From this MSE question I understand the canonical map $R/(I\cap J)\rightarrow R/I\times _{R/(I+J)} R/J$ is an isomorphism for $R$ a commutative ring and $I,J$ ideals.

I tried proving this directly and I got stuck.

My attempt: The canonical map is given by $r+I\cap J\mapsto (r+I,r+J)$. We need to construct an inverse. Given $(r+I,s+J)\in R/I\times _{R/(I+J)} R/J$, we know $r+I+J=s+J+I$, so they represent the same coset in $R/(I+J)$. Hence $s=r+k$ for some $k\in I+J$. So we can rewrite our arbitrary element $(r+I,s+J)$ in the pullback as $(r+I,r+k+J)$. Now map this pair to $r+I\cap J$.

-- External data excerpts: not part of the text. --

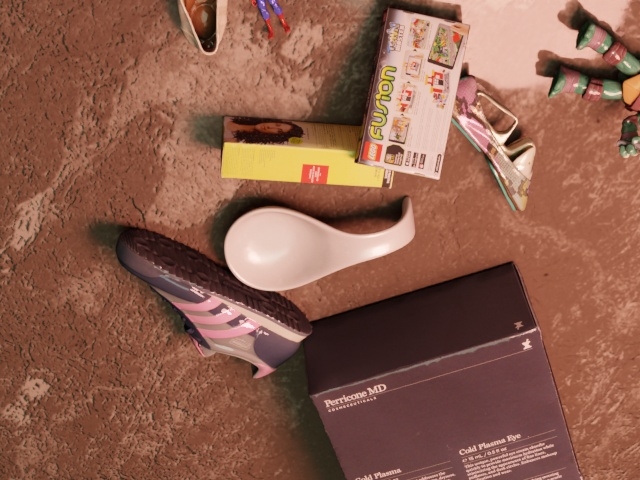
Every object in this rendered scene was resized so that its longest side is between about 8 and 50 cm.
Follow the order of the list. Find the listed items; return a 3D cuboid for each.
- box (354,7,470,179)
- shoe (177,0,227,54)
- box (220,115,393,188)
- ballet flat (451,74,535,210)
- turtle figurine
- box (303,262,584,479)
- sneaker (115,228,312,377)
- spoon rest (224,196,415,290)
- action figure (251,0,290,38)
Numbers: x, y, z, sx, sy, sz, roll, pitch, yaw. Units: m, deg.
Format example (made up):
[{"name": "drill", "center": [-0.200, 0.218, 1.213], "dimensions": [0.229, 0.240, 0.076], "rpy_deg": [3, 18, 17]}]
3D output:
[{"name": "box", "center": [0.120, -0.192, 1.670], "dimensions": [0.114, 0.036, 0.207], "rpy_deg": [11, 93, -7]}, {"name": "shoe", "center": [-0.148, -0.337, 1.601], "dimensions": [0.076, 0.058, 0.219], "rpy_deg": [-4, 121, -2]}, {"name": "box", "center": [-0.018, -0.120, 1.729], "dimensions": [0.232, 0.087, 0.058], "rpy_deg": [3, 121, -8]}, {"name": "ballet flat", "center": [0.245, -0.136, 1.751], "dimensions": [0.079, 0.077, 0.221], "rpy_deg": [-34, 114, 11]}, {"name": "turtle figurine", "center": [0.435, -0.196, 1.703], "dimensions": [0.234, 0.118, 0.175], "rpy_deg": [25, 102, -1]}, {"name": "box", "center": [0.183, 0.246, 1.913], "dimensions": [0.343, 0.179, 0.312], "rpy_deg": [-17, 122, 5]}, {"name": "sneaker", "center": [-0.173, 0.102, 1.836], "dimensions": [0.319, 0.112, 0.131], "rpy_deg": [30, 112, -19]}, {"name": "spoon rest", "center": [0.000, 0.000, 1.804], "dimensions": [0.276, 0.084, 0.137], "rpy_deg": [-11, 119, 1]}, {"name": "action figure", "center": [-0.072, -0.317, 1.640], "dimensions": [0.038, 0.030, 0.115], "rpy_deg": [-17, 119, 11]}]

This is a left inverse because $r+I\cap J\mapsto (r+I,r+J)\mapsto r+I\cap J$ is obviously the identity. It is not a right inverse because $(r+I,s+J)=(r+I,r+k+J)\mapsto r+I\cap J\mapsto (r+I,r+J)$ is not the identity.

Your map $(r+I,s+J)\mapsto r+I\cap J$ is not well defined. Instead, you should write $r+i=s+j$ with $i\in I$ and $j\in J$ (which is possible because $r+I+J=s+I+J$), and consider the map $(r+I,s+J)\mapsto (r+i)+I\cap J=(s+j)+I \cap J$.

Now you should check carefully that this map is well defined, in other words, that $(r+i+I\cap J)$ does not depends on the choices of $r$ and $i$.

Then show that this map is inverse to the canonical projection.